A friend and I did some work on exoplanets with the help of a research institute (IEEC in Spain) for a major high school project. What we did was to "redetect" the exoplanet XO-6b through the transit method. This is the scientific paper of the official discovery https://arxiv.org/pdf/1612.02776.pdf . With the data and information provided we could only extract the flux-time curve and with it calculate the radius of the planet.
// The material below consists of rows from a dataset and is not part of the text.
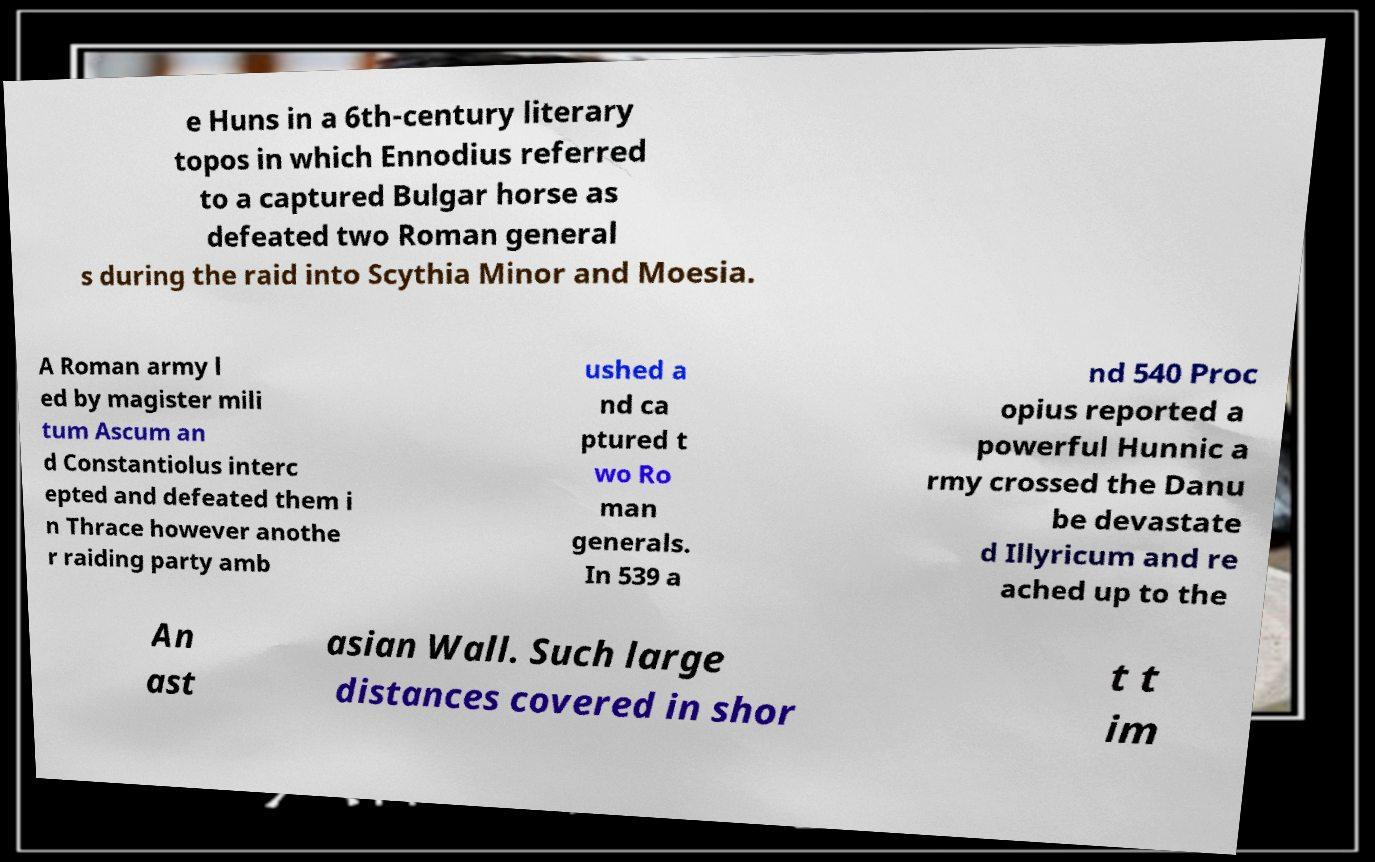Can you read and provide the text displayed in the image?This photo seems to have some interesting text. Can you extract and type it out for me? e Huns in a 6th-century literary topos in which Ennodius referred to a captured Bulgar horse as defeated two Roman general s during the raid into Scythia Minor and Moesia. A Roman army l ed by magister mili tum Ascum an d Constantiolus interc epted and defeated them i n Thrace however anothe r raiding party amb ushed a nd ca ptured t wo Ro man generals. In 539 a nd 540 Proc opius reported a powerful Hunnic a rmy crossed the Danu be devastate d Illyricum and re ached up to the An ast asian Wall. Such large distances covered in shor t t im 
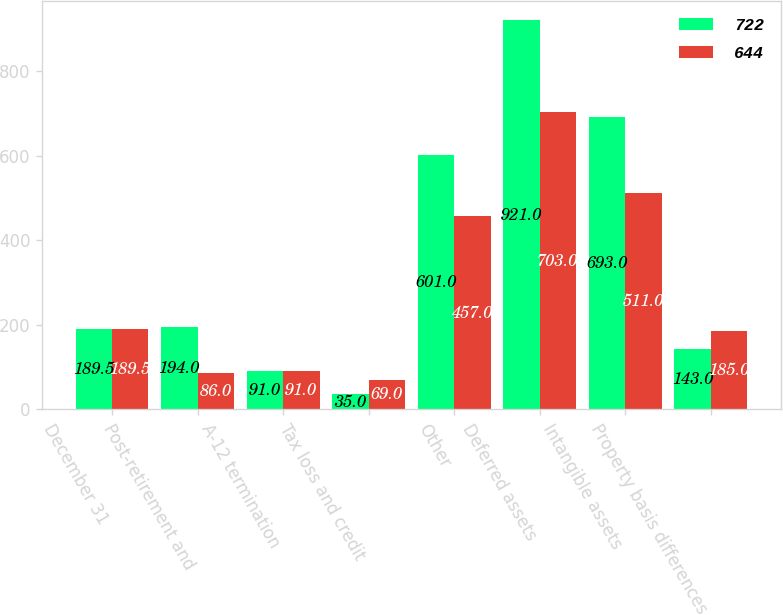Convert chart to OTSL. <chart><loc_0><loc_0><loc_500><loc_500><stacked_bar_chart><ecel><fcel>December 31<fcel>Post-retirement and<fcel>A-12 termination<fcel>Tax loss and credit<fcel>Other<fcel>Deferred assets<fcel>Intangible assets<fcel>Property basis differences<nl><fcel>722<fcel>189.5<fcel>194<fcel>91<fcel>35<fcel>601<fcel>921<fcel>693<fcel>143<nl><fcel>644<fcel>189.5<fcel>86<fcel>91<fcel>69<fcel>457<fcel>703<fcel>511<fcel>185<nl></chart> 
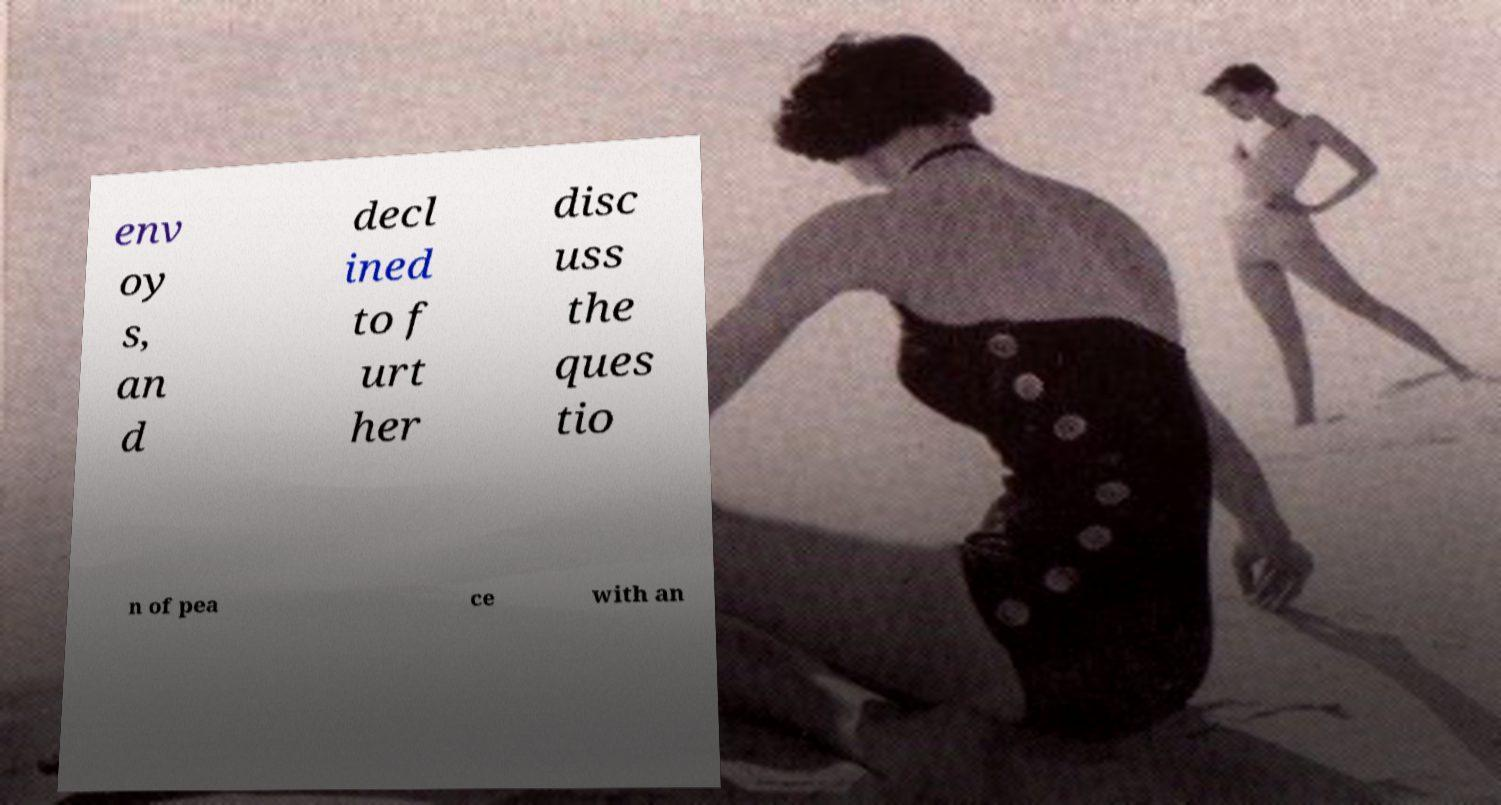There's text embedded in this image that I need extracted. Can you transcribe it verbatim? env oy s, an d decl ined to f urt her disc uss the ques tio n of pea ce with an

Once the radius was calculated, we wanted to go further and know more characteristics of the planet such as mass, period, distance to its star... What happened is that we needed the mass and we discovered that the most natural way to calculate it was through the method of radial velocities to which we did not have access. What we decided to do was to look in books and we found the following formula that approximated the mass of the planet:
$$M_P = \left(\frac{R_P}{R_\oplus}\right)^{2.06}M_\oplus$$
$$M_P = \left(\frac{162549\cdot10^3}{6370\cdot10^3}\right)^{2.06} \cdot 5,972\cdot10^{24}$$
$$M_P = 4,230\cdot10^{27} kg$$
$$M_P(M_J) = \frac{4,230\cdot10^{27}}{1,89\cdot10^{27}} = 2,48M_J$$
The problem with this formula is that it is imprecise and the result is not satisfactory as it is not within the range of the official finding which is M XO-6b = 1.9 ±0.5 MJ. Our result was 2.48 MJ (Masses of jupiter). Considering that our radius calculation already deviated a bit from the official one it is not a bad approximation but I would like to know if there is a more correct way to calculate the mass just knowing the radius and having the flux-time curve. With the mass we wanted to calculate other variables like the orbital period or the semi-major axis but the results deviated a lot.